#### TASK DESCRIPTION
Could you set down exactly the lines in the records below between the line holding "3. toothbrush [325,293,347,348]" and the line holding "Use lines of", inclusive?

(Dataset items)
·····

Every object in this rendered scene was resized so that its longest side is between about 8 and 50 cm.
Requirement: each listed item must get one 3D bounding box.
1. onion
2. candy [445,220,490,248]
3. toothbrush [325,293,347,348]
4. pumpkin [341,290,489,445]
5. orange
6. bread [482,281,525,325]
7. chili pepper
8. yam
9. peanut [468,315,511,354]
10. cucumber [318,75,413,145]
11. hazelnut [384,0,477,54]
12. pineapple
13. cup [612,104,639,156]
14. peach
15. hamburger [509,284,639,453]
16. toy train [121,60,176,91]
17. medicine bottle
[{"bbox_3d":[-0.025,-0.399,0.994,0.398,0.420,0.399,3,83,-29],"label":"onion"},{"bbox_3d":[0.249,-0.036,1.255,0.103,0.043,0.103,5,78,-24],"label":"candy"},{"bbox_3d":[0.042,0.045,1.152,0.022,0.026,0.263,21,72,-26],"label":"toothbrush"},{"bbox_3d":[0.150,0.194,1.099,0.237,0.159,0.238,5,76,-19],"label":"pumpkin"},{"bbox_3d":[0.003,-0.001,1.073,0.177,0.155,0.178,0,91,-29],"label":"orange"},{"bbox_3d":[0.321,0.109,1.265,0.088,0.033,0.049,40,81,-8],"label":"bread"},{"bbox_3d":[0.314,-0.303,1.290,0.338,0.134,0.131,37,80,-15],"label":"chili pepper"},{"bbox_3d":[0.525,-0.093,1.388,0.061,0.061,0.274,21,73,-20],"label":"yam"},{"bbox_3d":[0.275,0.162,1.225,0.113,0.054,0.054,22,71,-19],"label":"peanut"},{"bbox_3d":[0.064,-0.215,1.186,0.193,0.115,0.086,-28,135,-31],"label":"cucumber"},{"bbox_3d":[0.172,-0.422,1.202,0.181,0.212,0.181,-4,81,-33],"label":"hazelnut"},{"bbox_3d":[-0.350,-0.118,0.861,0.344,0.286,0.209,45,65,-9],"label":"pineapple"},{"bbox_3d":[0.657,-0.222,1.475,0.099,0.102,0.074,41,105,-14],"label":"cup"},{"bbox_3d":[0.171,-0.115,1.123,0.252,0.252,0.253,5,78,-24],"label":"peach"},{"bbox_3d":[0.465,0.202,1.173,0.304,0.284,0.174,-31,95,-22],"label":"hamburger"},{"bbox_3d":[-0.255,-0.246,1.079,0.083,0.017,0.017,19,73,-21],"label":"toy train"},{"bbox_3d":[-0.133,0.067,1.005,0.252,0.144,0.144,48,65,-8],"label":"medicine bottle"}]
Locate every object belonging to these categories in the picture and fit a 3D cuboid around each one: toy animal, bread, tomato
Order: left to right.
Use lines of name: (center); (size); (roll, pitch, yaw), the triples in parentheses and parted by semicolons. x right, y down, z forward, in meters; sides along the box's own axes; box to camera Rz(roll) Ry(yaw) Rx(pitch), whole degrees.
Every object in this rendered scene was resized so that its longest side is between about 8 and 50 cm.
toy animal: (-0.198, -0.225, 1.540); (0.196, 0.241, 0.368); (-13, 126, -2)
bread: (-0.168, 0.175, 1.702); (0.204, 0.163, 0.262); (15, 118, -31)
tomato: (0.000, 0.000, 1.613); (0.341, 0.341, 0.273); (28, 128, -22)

·····

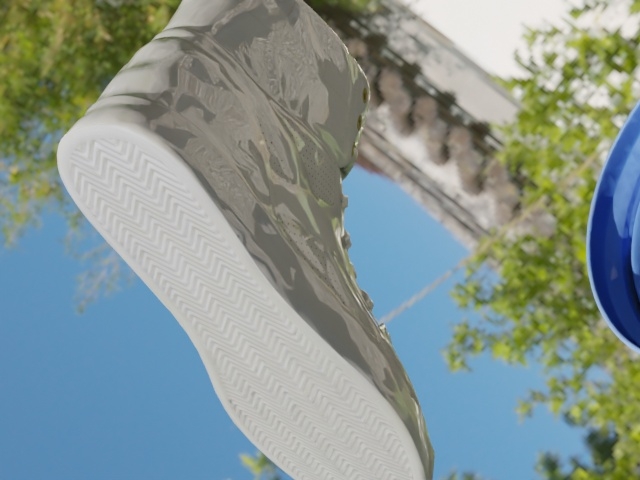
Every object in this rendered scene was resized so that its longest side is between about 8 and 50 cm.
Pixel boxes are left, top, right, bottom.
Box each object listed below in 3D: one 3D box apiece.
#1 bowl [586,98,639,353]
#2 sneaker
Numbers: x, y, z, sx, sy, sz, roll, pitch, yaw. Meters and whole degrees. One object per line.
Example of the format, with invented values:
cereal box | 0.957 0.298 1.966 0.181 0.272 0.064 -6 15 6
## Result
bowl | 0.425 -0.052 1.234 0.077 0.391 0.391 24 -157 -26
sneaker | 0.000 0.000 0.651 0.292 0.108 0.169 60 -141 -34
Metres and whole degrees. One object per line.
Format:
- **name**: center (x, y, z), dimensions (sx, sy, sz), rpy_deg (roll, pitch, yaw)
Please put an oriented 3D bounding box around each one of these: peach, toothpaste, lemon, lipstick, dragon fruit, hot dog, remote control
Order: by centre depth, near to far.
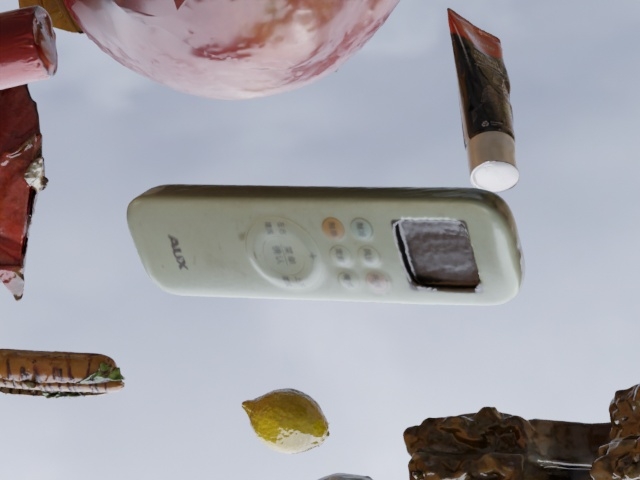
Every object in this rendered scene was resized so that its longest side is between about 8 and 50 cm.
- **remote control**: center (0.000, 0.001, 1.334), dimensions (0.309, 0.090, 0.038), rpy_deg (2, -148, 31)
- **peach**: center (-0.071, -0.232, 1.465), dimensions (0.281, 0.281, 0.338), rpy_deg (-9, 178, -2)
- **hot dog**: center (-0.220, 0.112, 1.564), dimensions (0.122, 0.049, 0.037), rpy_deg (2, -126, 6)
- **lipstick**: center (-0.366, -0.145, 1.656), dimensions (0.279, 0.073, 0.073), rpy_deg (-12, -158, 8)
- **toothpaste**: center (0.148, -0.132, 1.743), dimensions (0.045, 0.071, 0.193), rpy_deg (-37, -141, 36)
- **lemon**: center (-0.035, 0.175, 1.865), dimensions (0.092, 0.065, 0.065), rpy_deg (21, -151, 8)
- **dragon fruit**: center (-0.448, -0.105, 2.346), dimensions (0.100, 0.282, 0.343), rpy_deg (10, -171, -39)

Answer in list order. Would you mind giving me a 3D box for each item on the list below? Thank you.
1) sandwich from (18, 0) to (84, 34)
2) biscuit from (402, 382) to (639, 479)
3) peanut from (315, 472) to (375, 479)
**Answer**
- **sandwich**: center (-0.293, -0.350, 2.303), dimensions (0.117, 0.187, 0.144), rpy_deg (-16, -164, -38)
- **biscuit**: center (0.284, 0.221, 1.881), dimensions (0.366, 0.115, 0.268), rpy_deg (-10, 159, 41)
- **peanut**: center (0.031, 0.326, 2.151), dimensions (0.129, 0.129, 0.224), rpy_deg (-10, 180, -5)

·····

#### THE COMPLETED TASK
3. toothbrush [325,293,347,348]
4. pumpkin [341,290,489,445]
5. orange
6. bread [482,281,525,325]
7. chili pepper
8. yam
9. peanut [468,315,511,354]
10. cucumber [318,75,413,145]
11. hazelnut [384,0,477,54]
12. pineapple
13. cup [612,104,639,156]
14. peach
15. hamburger [509,284,639,453]
16. toy train [121,60,176,91]
17. medicine bottle
[{"bbox_3d":[-0.025,-0.399,0.994,0.398,0.420,0.399,3,83,-29],"label":"onion"},{"bbox_3d":[0.249,-0.036,1.255,0.103,0.043,0.103,5,78,-24],"label":"candy"},{"bbox_3d":[0.042,0.045,1.152,0.022,0.026,0.263,21,72,-26],"label":"toothbrush"},{"bbox_3d":[0.150,0.194,1.099,0.237,0.159,0.238,5,76,-19],"label":"pumpkin"},{"bbox_3d":[0.003,-0.001,1.073,0.177,0.155,0.178,0,91,-29],"label":"orange"},{"bbox_3d":[0.321,0.109,1.265,0.088,0.033,0.049,40,81,-8],"label":"bread"},{"bbox_3d":[0.314,-0.303,1.290,0.338,0.134,0.131,37,80,-15],"label":"chili pepper"},{"bbox_3d":[0.525,-0.093,1.388,0.061,0.061,0.274,21,73,-20],"label":"yam"},{"bbox_3d":[0.275,0.162,1.225,0.113,0.054,0.054,22,71,-19],"label":"peanut"},{"bbox_3d":[0.064,-0.215,1.186,0.193,0.115,0.086,-28,135,-31],"label":"cucumber"},{"bbox_3d":[0.172,-0.422,1.202,0.181,0.212,0.181,-4,81,-33],"label":"hazelnut"},{"bbox_3d":[-0.350,-0.118,0.861,0.344,0.286,0.209,45,65,-9],"label":"pineapple"},{"bbox_3d":[0.657,-0.222,1.475,0.099,0.102,0.074,41,105,-14],"label":"cup"},{"bbox_3d":[0.171,-0.115,1.123,0.252,0.252,0.253,5,78,-24],"label":"peach"},{"bbox_3d":[0.465,0.202,1.173,0.304,0.284,0.174,-31,95,-22],"label":"hamburger"},{"bbox_3d":[-0.255,-0.246,1.079,0.083,0.017,0.017,19,73,-21],"label":"toy train"},{"bbox_3d":[-0.133,0.067,1.005,0.252,0.144,0.144,48,65,-8],"label":"medicine bottle"}]
Locate every object belonging to these categories in the picture and fit a 3D cuboid around each one: toy animal, bread, tomato
Order: left to right.
Use lines of name: (center); (size); (roll, pitch, yaw), the triples in parentheses and parted by semicolons. x right, y down, z forward, in meters; sides along the box's own axes; box to camera Rz(roll) Ry(yaw) Rx(pitch), whole degrees.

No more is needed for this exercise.